■ **Task objective**:
Both the line with "Your response must be concise. 92.1." and the line with "Provide a succinct answer. -1.12." in the records below must appear in the output, along with every line between them, exactly and with nothing added.
Content starts
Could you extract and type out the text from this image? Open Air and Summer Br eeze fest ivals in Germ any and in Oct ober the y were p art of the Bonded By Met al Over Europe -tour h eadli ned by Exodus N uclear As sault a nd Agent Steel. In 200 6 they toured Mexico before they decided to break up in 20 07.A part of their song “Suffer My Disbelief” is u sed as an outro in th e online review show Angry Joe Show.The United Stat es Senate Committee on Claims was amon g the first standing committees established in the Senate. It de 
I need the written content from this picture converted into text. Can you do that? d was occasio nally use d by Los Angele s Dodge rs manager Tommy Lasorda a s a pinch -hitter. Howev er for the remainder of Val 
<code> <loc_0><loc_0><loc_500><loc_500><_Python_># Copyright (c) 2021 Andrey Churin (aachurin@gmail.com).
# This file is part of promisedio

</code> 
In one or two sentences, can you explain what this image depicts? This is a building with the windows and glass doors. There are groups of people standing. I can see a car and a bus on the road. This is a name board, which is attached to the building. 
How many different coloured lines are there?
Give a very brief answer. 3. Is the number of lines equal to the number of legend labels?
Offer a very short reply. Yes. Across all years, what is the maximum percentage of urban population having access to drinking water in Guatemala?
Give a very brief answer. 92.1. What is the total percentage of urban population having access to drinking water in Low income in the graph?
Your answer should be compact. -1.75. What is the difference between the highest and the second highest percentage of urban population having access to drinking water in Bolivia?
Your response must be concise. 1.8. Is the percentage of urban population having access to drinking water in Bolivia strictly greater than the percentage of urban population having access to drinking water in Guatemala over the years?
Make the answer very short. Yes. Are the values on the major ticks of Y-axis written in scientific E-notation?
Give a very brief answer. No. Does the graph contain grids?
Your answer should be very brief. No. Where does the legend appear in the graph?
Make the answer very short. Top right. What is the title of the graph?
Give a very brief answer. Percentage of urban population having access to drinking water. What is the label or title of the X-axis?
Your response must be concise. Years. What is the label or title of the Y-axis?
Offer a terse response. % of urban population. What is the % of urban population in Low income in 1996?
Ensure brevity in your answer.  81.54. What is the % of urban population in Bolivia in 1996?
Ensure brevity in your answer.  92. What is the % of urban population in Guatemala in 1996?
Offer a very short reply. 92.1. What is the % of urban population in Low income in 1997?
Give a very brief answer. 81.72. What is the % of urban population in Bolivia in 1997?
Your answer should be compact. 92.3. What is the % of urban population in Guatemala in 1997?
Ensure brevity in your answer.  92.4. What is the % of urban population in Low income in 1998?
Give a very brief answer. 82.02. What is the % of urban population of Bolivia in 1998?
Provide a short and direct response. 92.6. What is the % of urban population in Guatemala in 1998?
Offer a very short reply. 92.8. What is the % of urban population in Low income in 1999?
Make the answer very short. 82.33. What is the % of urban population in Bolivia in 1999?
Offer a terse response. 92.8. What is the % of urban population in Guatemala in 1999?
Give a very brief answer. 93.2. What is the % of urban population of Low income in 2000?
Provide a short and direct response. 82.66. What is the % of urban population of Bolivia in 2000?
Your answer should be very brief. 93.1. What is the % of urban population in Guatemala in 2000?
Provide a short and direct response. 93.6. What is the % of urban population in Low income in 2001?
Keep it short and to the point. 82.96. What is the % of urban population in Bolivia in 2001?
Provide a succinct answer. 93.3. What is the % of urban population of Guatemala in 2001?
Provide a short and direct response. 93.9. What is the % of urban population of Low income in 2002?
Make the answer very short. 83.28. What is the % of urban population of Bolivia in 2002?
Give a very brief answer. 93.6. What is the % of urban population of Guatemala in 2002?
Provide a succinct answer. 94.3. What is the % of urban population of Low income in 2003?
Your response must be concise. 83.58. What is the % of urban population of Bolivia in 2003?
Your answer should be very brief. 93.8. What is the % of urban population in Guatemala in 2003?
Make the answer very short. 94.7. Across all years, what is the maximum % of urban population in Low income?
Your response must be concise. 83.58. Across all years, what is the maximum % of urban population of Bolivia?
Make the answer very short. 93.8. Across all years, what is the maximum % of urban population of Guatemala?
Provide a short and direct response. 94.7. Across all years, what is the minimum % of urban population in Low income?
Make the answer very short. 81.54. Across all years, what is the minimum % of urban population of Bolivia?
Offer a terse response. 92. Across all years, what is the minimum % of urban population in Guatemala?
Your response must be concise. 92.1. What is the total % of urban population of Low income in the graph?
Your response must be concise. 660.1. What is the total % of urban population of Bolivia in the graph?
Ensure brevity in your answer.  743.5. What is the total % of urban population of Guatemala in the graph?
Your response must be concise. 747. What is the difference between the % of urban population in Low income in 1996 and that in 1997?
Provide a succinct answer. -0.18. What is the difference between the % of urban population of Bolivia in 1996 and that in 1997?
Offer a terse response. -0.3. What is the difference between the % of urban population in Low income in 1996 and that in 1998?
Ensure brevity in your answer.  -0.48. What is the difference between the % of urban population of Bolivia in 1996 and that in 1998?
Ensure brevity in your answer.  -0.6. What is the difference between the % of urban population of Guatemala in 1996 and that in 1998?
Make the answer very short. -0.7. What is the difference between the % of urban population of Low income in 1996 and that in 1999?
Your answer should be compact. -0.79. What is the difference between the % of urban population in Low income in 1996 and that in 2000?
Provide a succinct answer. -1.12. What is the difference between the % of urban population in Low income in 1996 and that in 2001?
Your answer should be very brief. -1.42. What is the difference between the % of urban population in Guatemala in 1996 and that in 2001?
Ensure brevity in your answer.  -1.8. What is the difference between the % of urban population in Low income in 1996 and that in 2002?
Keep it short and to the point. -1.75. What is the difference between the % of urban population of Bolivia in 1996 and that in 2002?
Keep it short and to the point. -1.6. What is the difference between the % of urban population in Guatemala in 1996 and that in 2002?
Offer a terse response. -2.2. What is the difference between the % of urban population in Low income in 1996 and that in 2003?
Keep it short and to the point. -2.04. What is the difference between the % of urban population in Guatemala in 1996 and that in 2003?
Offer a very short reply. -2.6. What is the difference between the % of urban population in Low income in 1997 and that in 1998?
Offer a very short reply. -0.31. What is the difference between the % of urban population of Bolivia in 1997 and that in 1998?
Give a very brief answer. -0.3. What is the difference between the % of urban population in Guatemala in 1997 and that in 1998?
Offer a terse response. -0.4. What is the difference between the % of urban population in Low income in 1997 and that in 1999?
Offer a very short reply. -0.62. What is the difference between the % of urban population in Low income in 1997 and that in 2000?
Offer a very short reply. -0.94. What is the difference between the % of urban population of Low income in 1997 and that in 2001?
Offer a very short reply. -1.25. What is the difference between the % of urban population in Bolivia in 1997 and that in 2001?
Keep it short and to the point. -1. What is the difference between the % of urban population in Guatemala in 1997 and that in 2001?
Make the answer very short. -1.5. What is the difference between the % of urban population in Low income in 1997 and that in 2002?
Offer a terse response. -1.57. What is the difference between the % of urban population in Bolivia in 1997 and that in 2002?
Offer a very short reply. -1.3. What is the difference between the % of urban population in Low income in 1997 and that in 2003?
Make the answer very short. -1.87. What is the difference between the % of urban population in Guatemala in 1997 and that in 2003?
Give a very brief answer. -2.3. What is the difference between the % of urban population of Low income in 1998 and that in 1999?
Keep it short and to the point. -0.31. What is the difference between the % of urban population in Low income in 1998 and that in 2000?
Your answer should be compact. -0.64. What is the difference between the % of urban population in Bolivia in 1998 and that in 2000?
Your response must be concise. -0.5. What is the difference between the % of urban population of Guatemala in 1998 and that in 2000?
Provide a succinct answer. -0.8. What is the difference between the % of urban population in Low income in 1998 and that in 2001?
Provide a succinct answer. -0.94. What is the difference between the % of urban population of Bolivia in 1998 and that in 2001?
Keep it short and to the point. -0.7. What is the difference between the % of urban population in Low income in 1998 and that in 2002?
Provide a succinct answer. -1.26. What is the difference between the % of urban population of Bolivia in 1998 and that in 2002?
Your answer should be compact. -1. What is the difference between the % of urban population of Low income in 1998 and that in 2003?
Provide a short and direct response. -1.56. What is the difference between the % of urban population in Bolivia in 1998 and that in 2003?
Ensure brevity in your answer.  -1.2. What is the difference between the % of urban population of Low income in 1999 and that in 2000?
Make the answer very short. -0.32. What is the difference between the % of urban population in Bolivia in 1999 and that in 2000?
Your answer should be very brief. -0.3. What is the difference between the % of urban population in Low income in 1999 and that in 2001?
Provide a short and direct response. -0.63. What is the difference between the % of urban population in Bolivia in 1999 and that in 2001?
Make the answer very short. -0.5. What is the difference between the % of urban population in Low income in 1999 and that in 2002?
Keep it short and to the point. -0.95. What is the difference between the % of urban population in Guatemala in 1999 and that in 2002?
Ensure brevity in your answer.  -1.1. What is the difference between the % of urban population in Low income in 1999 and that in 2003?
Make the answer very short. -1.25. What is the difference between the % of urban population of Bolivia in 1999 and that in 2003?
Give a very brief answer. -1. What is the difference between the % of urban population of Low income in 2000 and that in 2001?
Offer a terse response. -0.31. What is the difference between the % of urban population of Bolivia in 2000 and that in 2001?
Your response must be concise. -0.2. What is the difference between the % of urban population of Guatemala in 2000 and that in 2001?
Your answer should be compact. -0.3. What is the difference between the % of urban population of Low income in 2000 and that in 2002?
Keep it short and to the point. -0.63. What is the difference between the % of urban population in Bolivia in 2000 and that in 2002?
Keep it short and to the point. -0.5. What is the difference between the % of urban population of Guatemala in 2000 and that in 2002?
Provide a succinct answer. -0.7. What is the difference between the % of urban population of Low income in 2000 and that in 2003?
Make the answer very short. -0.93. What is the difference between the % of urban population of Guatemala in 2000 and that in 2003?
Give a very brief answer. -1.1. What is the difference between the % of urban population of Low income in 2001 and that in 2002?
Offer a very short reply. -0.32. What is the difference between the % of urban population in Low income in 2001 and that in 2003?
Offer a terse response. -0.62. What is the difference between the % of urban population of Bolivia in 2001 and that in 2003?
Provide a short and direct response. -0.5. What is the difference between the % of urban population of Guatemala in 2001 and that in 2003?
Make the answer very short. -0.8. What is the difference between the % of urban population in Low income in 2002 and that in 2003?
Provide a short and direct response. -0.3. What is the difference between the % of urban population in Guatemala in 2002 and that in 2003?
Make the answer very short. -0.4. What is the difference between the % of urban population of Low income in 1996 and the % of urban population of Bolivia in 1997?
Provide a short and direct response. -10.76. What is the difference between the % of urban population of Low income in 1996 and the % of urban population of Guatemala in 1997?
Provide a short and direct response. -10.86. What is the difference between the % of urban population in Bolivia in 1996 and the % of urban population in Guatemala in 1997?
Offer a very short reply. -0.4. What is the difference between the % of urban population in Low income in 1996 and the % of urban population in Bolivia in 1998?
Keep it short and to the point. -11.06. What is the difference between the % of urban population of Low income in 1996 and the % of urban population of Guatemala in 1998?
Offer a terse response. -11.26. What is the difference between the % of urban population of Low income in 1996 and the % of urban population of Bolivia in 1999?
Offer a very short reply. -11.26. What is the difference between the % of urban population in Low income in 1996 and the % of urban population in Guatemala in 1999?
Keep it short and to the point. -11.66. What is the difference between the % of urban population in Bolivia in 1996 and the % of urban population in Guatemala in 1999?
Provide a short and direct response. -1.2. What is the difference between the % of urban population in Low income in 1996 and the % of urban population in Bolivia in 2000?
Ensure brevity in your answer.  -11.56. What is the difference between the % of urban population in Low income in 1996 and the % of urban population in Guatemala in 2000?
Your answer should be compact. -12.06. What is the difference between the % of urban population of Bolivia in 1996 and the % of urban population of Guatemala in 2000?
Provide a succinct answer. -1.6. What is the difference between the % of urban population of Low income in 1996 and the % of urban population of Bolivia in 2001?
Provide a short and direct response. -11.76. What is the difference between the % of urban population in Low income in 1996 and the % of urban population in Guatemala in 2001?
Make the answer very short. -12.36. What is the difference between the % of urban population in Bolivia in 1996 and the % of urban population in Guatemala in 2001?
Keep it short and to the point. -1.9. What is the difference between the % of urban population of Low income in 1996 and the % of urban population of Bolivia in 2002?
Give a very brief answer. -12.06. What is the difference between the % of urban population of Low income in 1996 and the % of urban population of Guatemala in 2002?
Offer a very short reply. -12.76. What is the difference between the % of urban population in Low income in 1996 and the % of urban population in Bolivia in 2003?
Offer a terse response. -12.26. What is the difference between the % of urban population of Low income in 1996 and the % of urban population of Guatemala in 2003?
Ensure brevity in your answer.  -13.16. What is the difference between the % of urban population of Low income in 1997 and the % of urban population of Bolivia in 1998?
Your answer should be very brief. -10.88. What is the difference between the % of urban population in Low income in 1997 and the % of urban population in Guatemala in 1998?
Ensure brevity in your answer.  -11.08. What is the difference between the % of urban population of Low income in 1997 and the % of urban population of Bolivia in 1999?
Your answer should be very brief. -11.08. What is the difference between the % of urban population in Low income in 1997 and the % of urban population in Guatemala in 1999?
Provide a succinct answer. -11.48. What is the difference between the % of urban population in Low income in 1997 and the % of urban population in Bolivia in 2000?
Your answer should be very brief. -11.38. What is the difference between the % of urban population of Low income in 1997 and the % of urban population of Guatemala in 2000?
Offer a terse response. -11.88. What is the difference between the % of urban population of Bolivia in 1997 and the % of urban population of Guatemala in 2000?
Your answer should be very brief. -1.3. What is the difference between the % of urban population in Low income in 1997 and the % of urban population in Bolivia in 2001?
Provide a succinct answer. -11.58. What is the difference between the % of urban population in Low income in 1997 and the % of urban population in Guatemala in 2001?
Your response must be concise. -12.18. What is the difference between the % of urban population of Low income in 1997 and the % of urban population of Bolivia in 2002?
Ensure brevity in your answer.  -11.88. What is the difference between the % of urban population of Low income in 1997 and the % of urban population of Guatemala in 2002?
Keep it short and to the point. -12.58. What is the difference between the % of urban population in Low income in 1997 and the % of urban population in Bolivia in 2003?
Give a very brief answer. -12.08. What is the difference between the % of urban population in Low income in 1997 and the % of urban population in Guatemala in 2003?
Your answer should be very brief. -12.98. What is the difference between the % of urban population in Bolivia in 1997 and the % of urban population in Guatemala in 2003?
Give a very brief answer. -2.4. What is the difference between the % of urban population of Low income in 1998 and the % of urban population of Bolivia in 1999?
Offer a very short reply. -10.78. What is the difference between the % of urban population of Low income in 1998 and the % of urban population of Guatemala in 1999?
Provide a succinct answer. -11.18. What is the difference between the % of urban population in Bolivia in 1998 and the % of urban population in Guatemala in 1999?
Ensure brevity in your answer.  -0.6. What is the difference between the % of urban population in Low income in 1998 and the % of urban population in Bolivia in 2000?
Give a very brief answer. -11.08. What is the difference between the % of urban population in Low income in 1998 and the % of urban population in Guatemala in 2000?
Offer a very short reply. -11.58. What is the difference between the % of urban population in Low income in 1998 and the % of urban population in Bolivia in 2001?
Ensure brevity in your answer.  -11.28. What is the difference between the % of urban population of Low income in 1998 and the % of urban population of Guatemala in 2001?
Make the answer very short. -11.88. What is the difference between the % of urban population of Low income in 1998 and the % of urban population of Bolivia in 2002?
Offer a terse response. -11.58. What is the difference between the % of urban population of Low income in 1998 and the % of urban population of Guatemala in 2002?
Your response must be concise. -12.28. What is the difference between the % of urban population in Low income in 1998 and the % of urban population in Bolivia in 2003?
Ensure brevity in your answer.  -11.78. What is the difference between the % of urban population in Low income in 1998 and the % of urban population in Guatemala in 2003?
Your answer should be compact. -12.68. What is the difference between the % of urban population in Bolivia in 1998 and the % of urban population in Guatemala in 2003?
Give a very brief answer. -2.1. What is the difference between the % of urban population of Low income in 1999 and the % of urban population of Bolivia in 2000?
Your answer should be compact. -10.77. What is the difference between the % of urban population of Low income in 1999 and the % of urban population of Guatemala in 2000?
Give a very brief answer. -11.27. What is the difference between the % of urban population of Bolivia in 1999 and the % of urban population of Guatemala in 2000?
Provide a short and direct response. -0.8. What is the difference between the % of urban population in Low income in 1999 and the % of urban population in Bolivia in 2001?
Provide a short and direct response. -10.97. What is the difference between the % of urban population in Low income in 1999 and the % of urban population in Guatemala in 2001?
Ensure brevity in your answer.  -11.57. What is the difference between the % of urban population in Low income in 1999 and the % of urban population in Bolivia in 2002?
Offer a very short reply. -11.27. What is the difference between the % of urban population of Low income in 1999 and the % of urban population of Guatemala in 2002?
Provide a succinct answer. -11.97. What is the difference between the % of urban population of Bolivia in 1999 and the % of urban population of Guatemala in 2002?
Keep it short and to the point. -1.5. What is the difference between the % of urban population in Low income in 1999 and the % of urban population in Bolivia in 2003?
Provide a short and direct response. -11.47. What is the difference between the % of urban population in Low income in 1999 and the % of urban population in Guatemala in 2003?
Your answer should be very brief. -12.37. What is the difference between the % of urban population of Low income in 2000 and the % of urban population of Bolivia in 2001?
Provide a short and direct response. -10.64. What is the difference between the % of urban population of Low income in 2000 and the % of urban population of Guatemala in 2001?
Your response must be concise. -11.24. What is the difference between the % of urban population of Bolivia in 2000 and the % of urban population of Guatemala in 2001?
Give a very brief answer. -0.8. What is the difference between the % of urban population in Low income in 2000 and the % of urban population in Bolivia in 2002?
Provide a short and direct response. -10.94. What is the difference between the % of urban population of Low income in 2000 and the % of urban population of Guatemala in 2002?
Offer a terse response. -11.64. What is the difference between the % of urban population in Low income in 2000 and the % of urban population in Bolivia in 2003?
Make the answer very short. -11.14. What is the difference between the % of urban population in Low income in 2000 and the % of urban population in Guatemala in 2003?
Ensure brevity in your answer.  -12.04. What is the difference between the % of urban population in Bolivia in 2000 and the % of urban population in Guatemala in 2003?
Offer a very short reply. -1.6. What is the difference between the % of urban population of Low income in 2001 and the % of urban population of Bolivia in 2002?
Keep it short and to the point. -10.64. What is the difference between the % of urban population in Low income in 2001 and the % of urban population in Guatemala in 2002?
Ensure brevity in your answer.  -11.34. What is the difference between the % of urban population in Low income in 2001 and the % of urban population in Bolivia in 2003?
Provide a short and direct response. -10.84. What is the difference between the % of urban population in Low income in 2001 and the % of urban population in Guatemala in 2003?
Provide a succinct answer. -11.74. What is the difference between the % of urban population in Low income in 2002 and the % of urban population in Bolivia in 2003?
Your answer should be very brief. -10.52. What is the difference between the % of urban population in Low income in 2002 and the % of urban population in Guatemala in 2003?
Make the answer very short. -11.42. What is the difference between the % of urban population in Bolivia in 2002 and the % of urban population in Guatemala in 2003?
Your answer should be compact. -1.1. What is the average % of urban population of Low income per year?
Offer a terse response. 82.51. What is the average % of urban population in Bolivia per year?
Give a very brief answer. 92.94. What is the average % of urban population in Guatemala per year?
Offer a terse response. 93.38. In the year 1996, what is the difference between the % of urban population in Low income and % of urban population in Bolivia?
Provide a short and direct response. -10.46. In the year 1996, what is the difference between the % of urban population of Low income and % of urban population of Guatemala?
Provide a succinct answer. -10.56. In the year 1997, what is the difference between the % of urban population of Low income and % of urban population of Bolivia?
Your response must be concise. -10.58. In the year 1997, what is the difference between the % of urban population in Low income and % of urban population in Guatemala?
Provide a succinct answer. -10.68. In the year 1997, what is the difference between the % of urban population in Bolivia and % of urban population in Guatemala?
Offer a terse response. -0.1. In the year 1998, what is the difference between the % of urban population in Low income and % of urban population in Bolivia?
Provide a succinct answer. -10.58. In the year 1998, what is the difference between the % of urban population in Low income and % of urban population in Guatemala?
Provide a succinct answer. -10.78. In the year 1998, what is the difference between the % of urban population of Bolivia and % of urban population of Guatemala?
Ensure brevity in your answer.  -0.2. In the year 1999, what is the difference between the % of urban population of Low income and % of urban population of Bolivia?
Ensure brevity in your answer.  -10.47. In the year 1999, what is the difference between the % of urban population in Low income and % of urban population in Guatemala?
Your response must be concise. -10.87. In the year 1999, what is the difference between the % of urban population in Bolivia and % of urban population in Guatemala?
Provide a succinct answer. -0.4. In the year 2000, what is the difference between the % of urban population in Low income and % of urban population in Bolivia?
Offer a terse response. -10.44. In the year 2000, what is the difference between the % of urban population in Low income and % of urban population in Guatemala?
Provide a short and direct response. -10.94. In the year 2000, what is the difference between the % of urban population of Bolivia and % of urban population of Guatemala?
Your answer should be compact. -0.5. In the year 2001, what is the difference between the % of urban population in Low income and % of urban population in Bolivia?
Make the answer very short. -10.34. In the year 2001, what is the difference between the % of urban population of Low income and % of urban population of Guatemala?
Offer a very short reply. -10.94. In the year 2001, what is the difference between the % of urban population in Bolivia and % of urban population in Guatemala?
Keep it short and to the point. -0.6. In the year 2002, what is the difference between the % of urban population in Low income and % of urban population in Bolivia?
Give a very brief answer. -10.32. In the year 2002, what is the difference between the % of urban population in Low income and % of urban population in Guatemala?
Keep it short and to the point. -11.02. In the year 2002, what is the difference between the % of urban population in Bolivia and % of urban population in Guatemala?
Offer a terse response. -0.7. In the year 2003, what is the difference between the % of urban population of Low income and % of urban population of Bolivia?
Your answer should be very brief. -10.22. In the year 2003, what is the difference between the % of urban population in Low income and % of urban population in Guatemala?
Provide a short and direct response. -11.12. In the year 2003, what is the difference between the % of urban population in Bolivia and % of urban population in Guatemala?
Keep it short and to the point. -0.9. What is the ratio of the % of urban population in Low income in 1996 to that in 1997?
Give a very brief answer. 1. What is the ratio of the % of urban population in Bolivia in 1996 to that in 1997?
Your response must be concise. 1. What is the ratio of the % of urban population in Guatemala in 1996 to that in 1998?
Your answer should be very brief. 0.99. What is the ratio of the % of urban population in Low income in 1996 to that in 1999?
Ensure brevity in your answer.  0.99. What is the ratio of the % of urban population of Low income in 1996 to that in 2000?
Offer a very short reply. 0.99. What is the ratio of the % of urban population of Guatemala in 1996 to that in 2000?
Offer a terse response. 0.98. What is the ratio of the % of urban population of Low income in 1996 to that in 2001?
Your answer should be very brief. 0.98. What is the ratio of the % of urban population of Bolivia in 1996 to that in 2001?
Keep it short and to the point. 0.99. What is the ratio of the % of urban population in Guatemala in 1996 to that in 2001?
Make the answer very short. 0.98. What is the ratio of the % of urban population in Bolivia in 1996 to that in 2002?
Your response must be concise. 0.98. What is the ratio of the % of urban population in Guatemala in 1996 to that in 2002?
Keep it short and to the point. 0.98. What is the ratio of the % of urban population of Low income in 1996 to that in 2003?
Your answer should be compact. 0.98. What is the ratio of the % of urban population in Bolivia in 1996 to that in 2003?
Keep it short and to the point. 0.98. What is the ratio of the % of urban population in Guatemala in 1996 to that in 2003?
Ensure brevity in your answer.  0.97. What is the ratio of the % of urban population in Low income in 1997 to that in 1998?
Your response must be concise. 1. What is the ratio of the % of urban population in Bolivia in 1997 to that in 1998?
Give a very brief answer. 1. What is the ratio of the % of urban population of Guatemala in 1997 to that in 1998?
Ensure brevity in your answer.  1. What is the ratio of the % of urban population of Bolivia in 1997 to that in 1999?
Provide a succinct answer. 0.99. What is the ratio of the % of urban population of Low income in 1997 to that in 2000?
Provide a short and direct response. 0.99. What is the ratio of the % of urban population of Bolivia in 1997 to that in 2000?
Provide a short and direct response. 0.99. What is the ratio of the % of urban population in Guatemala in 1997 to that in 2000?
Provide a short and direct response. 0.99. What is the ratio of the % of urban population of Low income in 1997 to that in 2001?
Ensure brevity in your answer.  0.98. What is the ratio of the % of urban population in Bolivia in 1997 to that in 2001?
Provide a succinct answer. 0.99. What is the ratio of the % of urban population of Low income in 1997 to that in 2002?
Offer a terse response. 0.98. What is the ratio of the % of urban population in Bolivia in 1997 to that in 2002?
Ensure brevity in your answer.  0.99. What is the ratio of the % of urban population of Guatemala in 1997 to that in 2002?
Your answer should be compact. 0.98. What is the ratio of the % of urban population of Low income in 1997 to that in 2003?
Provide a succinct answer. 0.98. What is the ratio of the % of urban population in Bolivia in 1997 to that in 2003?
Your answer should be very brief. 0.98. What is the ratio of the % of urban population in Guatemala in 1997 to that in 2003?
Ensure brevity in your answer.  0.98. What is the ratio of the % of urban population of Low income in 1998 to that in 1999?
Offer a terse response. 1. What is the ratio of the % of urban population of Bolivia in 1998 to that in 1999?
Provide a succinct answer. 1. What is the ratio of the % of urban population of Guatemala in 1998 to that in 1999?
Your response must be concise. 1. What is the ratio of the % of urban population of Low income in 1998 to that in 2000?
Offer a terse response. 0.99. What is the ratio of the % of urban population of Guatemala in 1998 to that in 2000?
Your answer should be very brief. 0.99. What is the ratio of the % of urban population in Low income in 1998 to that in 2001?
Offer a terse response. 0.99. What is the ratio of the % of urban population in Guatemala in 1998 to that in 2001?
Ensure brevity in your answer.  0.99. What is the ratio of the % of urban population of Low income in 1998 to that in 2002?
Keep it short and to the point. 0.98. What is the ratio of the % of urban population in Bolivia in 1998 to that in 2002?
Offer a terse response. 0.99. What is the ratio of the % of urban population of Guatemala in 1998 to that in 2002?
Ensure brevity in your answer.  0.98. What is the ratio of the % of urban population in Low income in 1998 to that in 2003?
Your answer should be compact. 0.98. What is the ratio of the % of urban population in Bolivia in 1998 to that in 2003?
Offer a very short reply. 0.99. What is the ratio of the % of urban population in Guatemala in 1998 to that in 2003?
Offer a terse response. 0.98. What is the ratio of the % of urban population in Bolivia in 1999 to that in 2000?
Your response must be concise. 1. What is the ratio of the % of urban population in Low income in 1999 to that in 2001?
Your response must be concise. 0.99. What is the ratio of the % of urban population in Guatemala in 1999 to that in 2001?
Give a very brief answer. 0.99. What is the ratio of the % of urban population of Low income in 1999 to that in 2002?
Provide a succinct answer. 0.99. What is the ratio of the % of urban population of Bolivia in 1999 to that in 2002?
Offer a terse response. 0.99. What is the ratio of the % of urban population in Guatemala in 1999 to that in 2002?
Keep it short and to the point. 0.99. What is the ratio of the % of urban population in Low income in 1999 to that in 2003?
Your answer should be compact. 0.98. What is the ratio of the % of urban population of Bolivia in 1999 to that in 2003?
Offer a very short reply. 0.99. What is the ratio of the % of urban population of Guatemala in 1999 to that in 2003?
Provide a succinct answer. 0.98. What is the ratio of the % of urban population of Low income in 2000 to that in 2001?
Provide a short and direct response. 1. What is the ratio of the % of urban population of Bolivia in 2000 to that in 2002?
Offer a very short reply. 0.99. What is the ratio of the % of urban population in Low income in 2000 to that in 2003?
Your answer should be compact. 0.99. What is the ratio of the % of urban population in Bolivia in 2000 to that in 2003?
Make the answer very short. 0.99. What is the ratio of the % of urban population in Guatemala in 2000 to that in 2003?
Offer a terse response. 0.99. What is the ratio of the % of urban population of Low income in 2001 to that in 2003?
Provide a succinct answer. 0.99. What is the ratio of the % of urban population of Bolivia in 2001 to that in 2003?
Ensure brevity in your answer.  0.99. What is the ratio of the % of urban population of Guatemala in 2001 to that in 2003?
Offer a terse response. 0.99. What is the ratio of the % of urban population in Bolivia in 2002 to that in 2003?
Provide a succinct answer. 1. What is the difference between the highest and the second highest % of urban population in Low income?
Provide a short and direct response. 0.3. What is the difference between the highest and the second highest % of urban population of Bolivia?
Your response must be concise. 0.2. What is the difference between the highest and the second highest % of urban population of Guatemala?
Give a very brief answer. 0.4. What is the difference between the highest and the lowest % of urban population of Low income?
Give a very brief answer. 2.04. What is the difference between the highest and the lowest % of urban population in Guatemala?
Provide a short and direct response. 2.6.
Content ends
■ **Task response**:
Your response must be concise. 92.1. What is the total % of urban population of Low income in the graph?
Your response must be concise. 660.1. What is the total % of urban population of Bolivia in the graph?
Ensure brevity in your answer.  743.5. What is the total % of urban population of Guatemala in the graph?
Your response must be concise. 747. What is the difference between the % of urban population in Low income in 1996 and that in 1997?
Provide a succinct answer. -0.18. What is the difference between the % of urban population of Bolivia in 1996 and that in 1997?
Offer a terse response. -0.3. What is the difference between the % of urban population in Low income in 1996 and that in 1998?
Ensure brevity in your answer.  -0.48. What is the difference between the % of urban population of Bolivia in 1996 and that in 1998?
Ensure brevity in your answer.  -0.6. What is the difference between the % of urban population of Guatemala in 1996 and that in 1998?
Make the answer very short. -0.7. What is the difference between the % of urban population of Low income in 1996 and that in 1999?
Your answer should be compact. -0.79. What is the difference between the % of urban population in Low income in 1996 and that in 2000?
Provide a succinct answer. -1.12. What is the difference between the % of urban population in Low income in 1996 and that in 2001?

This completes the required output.